[DATA SHOWN — start]

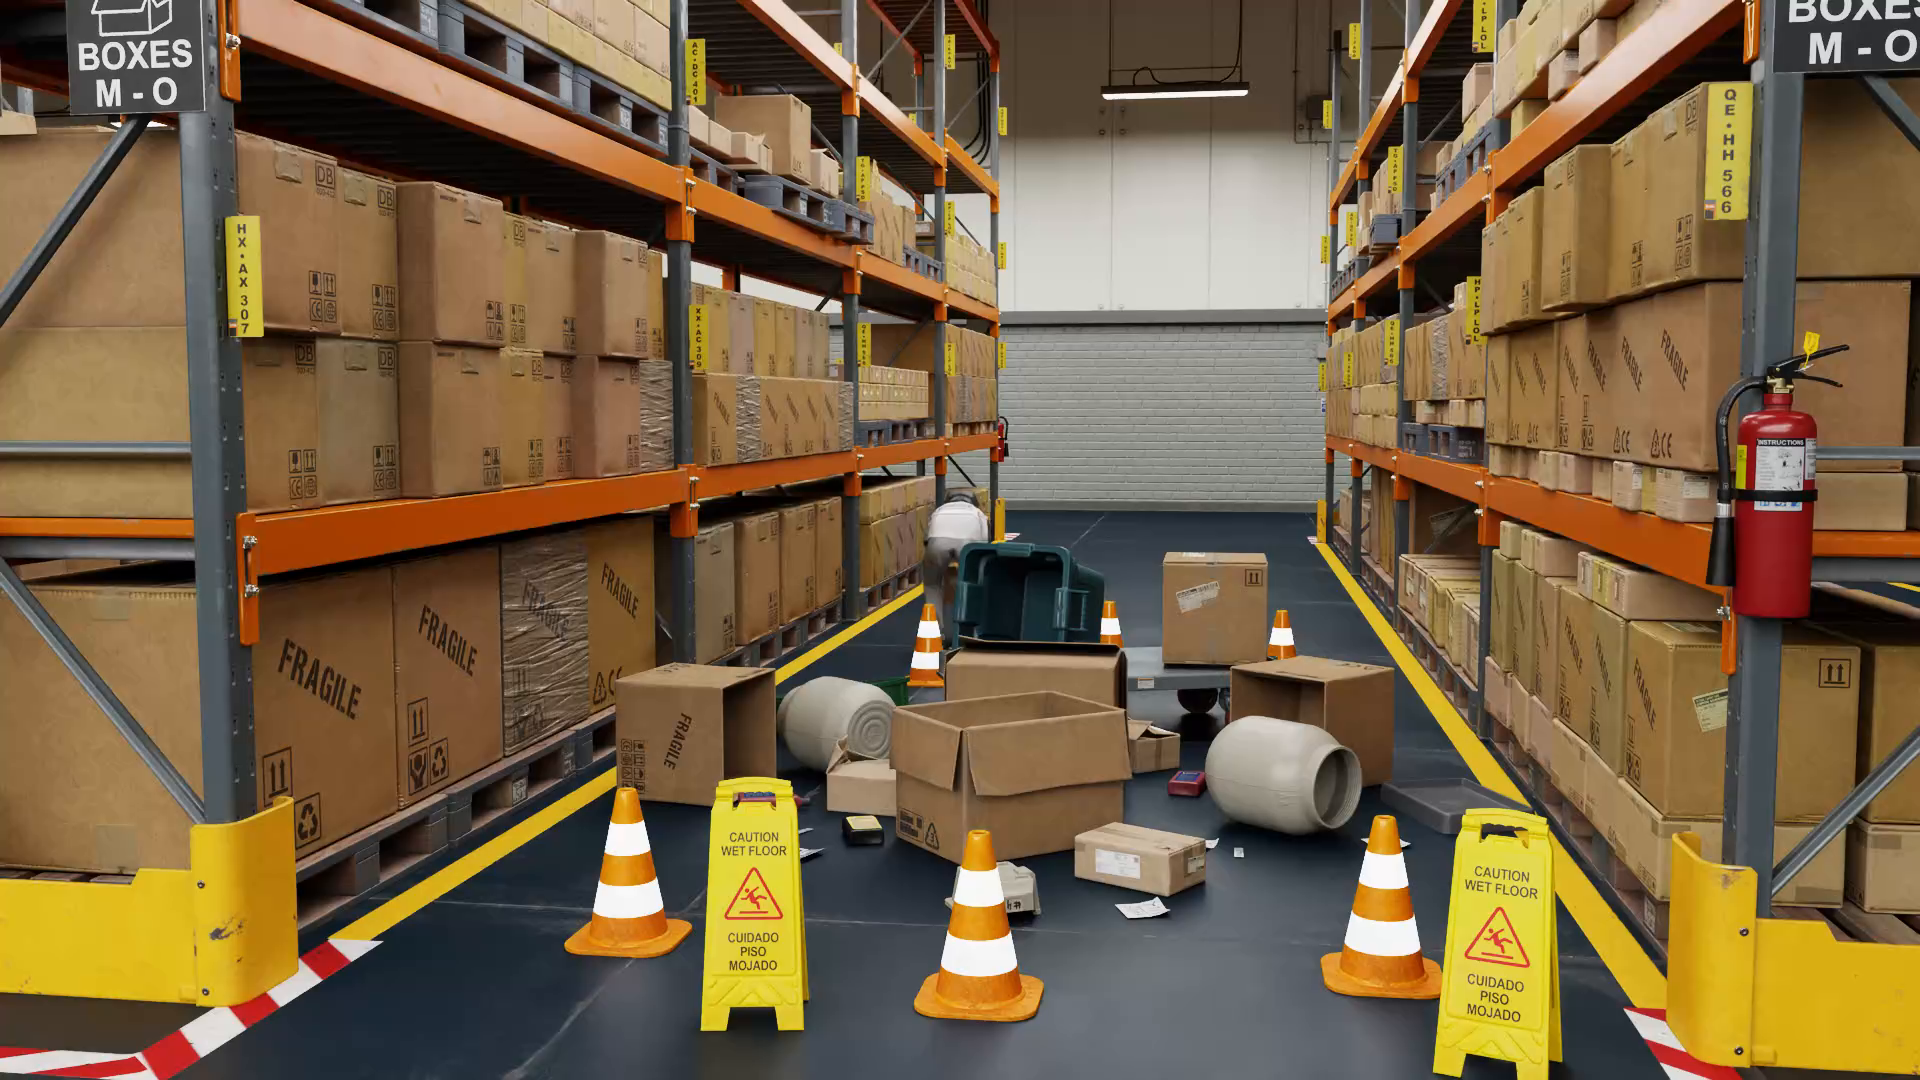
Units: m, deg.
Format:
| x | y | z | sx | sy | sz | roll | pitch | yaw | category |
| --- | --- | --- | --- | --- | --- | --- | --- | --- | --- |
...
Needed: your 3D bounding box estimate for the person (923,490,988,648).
| x | y | z | sx | sy | sz | roll | pitch | yaw | category |
| --- | --- | --- | --- | --- | --- | --- | --- | --- | --- |
| -0.019 | 0.198 | 11.308 | 0.456 | 1.047 | 0.922 | 0 | 5 | 5 | person |

[DATA SHOWN — finish]

**PROBLEM TO WORK ON:** Strip the images and return the remaining data exactly.

**RESPONSE AREA:**
Units: m, deg.
Format:
| x | y | z | sx | sy | sz | roll | pitch | yaw | category |
| --- | --- | --- | --- | --- | --- | --- | --- | --- | --- |
...
Needed: your 3D bounding box estimate for the person (923,490,988,648).
| x | y | z | sx | sy | sz | roll | pitch | yaw | category |
| --- | --- | --- | --- | --- | --- | --- | --- | --- | --- |
| -0.019 | 0.198 | 11.308 | 0.456 | 1.047 | 0.922 | 0 | 5 | 5 | person |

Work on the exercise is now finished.